Pelanggaran terjadi. Sering sekali. Terkadang itu hanya kerusakan balapan. Di lain waktu? Ini adalah upaya untuk mempermainkan sistem. Niat adalah bagian yang sulit. NASCAR harus menilai. Mereka harus memutuskan apakah seorang kepala kru malas atau curang.

Car of Tomorrow (COT) mengubah cara pemberian penalti. Ini bukan hanya tentang logam. Ini tentang sikap. Liga bergeser. Mereka menjadi lebih ketat.

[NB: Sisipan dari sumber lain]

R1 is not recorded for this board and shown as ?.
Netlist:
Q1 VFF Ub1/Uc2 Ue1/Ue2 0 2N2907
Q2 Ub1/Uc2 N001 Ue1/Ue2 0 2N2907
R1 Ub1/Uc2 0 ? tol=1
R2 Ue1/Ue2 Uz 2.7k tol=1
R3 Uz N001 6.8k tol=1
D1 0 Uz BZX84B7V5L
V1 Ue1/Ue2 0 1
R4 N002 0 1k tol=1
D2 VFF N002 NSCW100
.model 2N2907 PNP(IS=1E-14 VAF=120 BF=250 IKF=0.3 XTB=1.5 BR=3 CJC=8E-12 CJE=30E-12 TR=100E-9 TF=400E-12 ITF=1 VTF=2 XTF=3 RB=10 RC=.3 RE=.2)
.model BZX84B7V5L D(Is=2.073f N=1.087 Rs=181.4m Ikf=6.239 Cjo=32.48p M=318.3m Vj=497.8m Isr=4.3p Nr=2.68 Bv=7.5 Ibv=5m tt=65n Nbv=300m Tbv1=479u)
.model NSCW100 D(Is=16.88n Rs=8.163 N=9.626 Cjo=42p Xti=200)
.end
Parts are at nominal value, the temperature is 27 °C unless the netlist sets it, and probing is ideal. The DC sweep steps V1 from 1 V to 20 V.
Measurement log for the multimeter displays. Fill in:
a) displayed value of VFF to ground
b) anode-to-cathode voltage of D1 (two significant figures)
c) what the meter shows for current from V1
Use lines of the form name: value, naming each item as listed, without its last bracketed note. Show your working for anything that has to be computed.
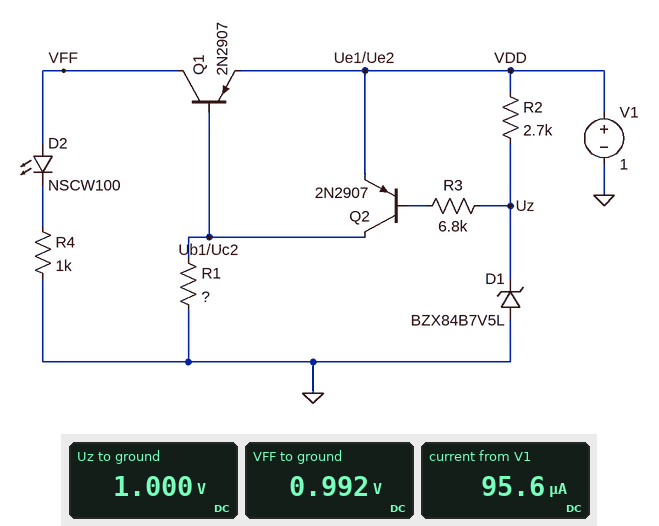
displayed value of VFF to ground: 0.992 V
anode-to-cathode voltage of D1: 0 V - 1 V = -1.0 V
what the meter shows for current from V1: 95.6 µA
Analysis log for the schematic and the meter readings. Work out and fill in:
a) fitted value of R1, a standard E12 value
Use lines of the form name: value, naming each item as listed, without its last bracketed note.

fitted value of R1, a standard E12 value: 3.9 kΩ
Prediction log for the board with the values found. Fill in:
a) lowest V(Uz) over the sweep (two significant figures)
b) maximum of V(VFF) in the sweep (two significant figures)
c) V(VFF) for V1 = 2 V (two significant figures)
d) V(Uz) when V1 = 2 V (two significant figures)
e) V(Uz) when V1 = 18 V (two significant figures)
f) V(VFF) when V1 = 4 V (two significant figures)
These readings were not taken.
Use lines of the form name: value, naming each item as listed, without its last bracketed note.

lowest V(Uz) over the sweep: 1.0 V
maximum of V(VFF) in the sweep: 8.1 V
V(VFF) for V1 = 2 V: 2.0 V
V(Uz) when V1 = 2 V: 2.0 V
V(Uz) when V1 = 18 V: 7.5 V
V(VFF) when V1 = 4 V: 4.0 V
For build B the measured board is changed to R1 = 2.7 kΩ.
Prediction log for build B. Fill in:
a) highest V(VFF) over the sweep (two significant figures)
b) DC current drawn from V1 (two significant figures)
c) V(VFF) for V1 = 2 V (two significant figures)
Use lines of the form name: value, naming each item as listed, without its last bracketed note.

highest V(VFF) over the sweep: 8.2 V
DC current drawn from V1: 130 µA
V(VFF) for V1 = 2 V: 2.0 V
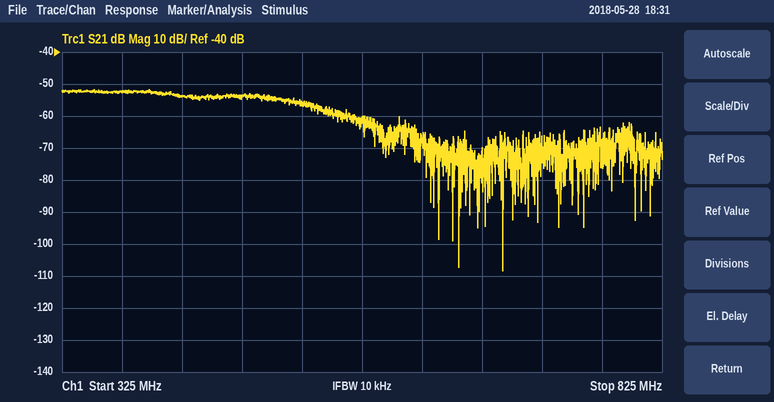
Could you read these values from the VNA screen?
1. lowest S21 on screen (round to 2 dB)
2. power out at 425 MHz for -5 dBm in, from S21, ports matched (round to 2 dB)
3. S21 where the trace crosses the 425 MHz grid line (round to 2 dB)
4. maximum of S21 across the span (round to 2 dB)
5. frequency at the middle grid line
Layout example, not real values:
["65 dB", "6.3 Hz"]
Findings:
["-108 dB", "-58 dBm", "-54 dB", "-52 dB", "575 MHz"]

Penalti sangat keras. Michael Waltrip Racing memecat kepala kru mereka pada tahun 2007 setelah menemukan zat ilegal dalam sistem bahan bakar Toyota #55. Baru-baru ini, Red Bull Racing memecat anggota tim setelah lembaran logam ilegal ditemukan di Toyota #83 milik Brian Vickers. Pekerjaan hilang. Karir terhenti.

Akibat Kecurangan

Sejak era COT, dendanya sangat besar. Kita sedang membicarakan hingga $150.000. Itu uangnya hilang. Kerugian poin plus. Sopirnya menderita. Tim membayar. Ini adalah kesalahan yang merugikan.

Tapi inilah kejutannya.

Kemenangan jarang dilucuti.

NASCAR biasanya tidak mengambil trofi karena pelanggaran pasca balapan. Biasanya hanya poin dan denda saja. Namun ada satu pengecualian. Amp Energy 500 2008 di Talladega Superspeedway. Regan Smith melewati Tony Stewart dengan warna kuning. Stewart memenangkan perlombaan. Smith mendapat tempat ke-18. Itu bukan masalah inspeksi pasca balapan. Itu adalah pelanggaran waktu balapan.

Saat Menang Sebenarnya Pindah Tangan

NASCAR yang paling dekat dengan kemenangan karena kegagalan teknis pasca balapan adalah Maret 2008. Las Vegas. UAW-Dodge 400.

Carl Edwards menang. Namun penutup tangki oli mobilnya longgar. NASCAR mengklaim hal itu bisa memungkinkan udara berventilasi dan meningkatkan downforce. Mereka tidak mengambil kemenangan. Sebaliknya, mereka memberinya 100 poin. Dan kemudian pukulan sesungguhnya: mereka mengambil 10 poin bonus yang dia butuhkan untuk Mengejar Piala.

Itu merupakan pukulan telak bagi harapan kejuaraannya. Bukan karena dia kalah balapan. Tapi karena dia kehilangan margin.

Untuk terakhir kalinya. Era modern. 1991. Arena Balap Sears Point. Ricky Rudd menabrak Davey Allison pada tikungan terakhir. Rudd melewati batas terlebih dahulu. NASCAR memberikan kemenangan kepada Allison. Itu bukanlah inspeksi teknis. Itu adalah keputusan penghakiman. Sikap sportif.

Sistemnya tidak sempurna. Ini tidak pernah tentang kesempurnaan. Ini tentang kontrol. Dan terkadang, ini tentang siapa yang Anda biarkan menang saat kamera tidak melihat.